Top 5:Books on my TBR that intimidate me

Top 5 Tuesday was created by Shanah at Bionic Book Worm, and it is now being hosted by Meeghan at Meeghan Reads. For details of all of the latest prompts for October to December, see Meeghan’s post here.

Do you have a pile of books on your TBR that you were “going to read soon” but now it’s been like 5 years and you don’t know how to start that book any more? Maybe it’s 600 pages long. Or maybe you’ve seen some not-so-great reviews that pushed it down a bit. What books on your TBR intimidate you?

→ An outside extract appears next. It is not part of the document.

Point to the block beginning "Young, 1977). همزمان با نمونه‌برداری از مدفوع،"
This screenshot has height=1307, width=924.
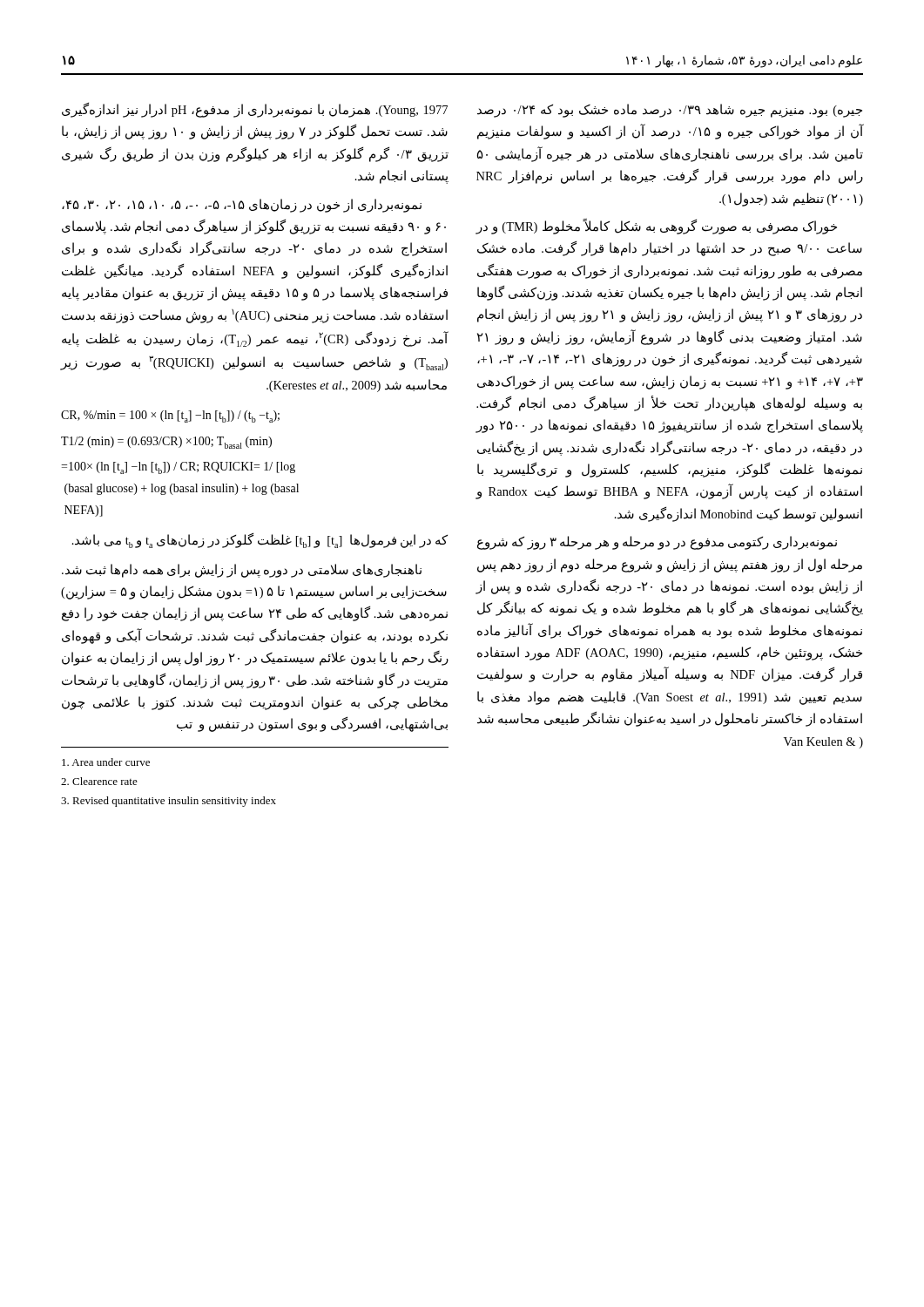tap(255, 144)

These are books I want to read but each time that I look at them I think ‘not now’ because they are so long AND as these are all either hardbacks or paperbacks they’re heavy, unwieldy and in small print!

Nicholas Nickleby by Charles Dickens (860 pages) – Nicholas Nickleby, is left penniless after his father’s death and forced to make his own way in the world. There’s an extraordinary gallery of rogues and eccentrics: Wackford Squeers, the tyrannical headmaster of Dotheboys Hall; the tragic orphan Smike, rescued by Nicholas; and the gloriously theatrical Mr and Mrs Crummle and their daughter, the ‘infant phenomenon’. Nicholas Nickleby is characterized by Dickens’s outrage at social injustice, but it also reveals his comic genius at its most unerring.

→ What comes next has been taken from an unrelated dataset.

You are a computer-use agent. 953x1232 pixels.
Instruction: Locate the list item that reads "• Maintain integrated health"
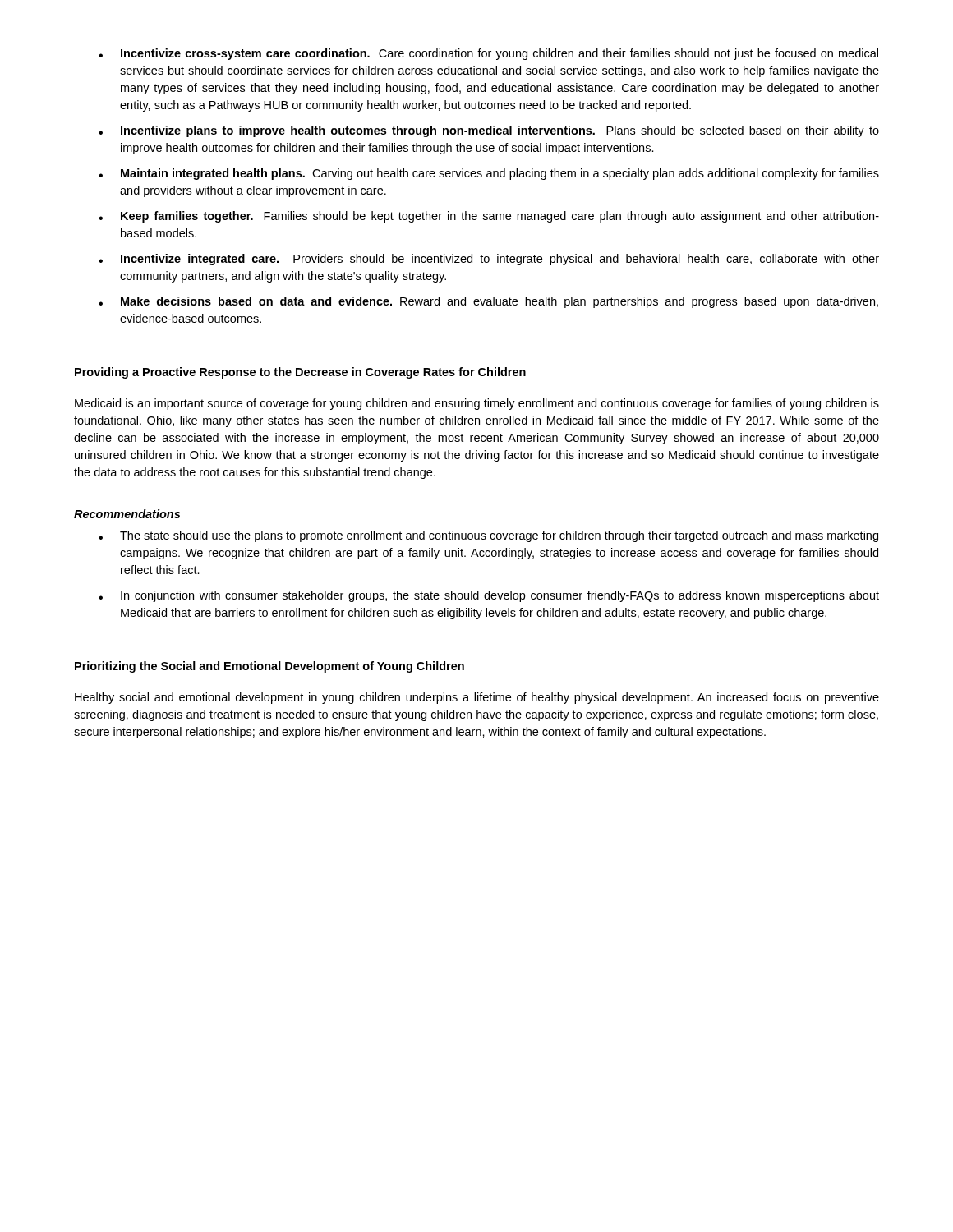(x=489, y=182)

Past Imperfect by Julian Fellowship (528 pages) described on the back cover as a story that takes us back to the Debutante Season of 1968 – ‘Poignant, funny, fascinating and moving’ . Wishing to track down a past girlfriend who claims he had fathered her child, the rich and dying Damian Baxter contacts an old friend from his days at Cambridge. The search takes the narrator back to 1960s London, where everything is changing–just not always quite as expected.

The Women’s Room by Marilyn French (544 pages), described as ‘one of the most influential novels of the modern feminist movement.’ It was first published in 1977 to a barrage of criticism. This is the story of Mira Ward, a wife of the Fifties who becomes a woman of the Seventies. From the shallow excitements of suburban cocktail parties and casual affairs through the varied nightmares of rape, madness and loneliness to the dawning awareness of the exhilaration of liberation, the experiences of Mira and her friends crystallize those of a generation of modern women.

The Wine of Angels by Phil Rickman (623 pages) – the first Merrily Watkins novel, in which the Rev Merrily Watkins tries to be accepted as the vicar (or priest-in-charge as she insists she ought to be called) in the country parish of Ledwardine in Herefordshire, steeped as it is in cider and secrets and echoes of the poet Thomas Traherne who was once based in the area.

This Thing of Darkness by Harry Thompson (750 pages) – In 1831 Charles Darwin set off in HMS Beagle under the command of Captain Robert Fitzroy on a voyage that would change the world. This is the story of a deep friendship between two men, and the twin obsessions that tear them apart, leading one to triumph, and the other to disaster.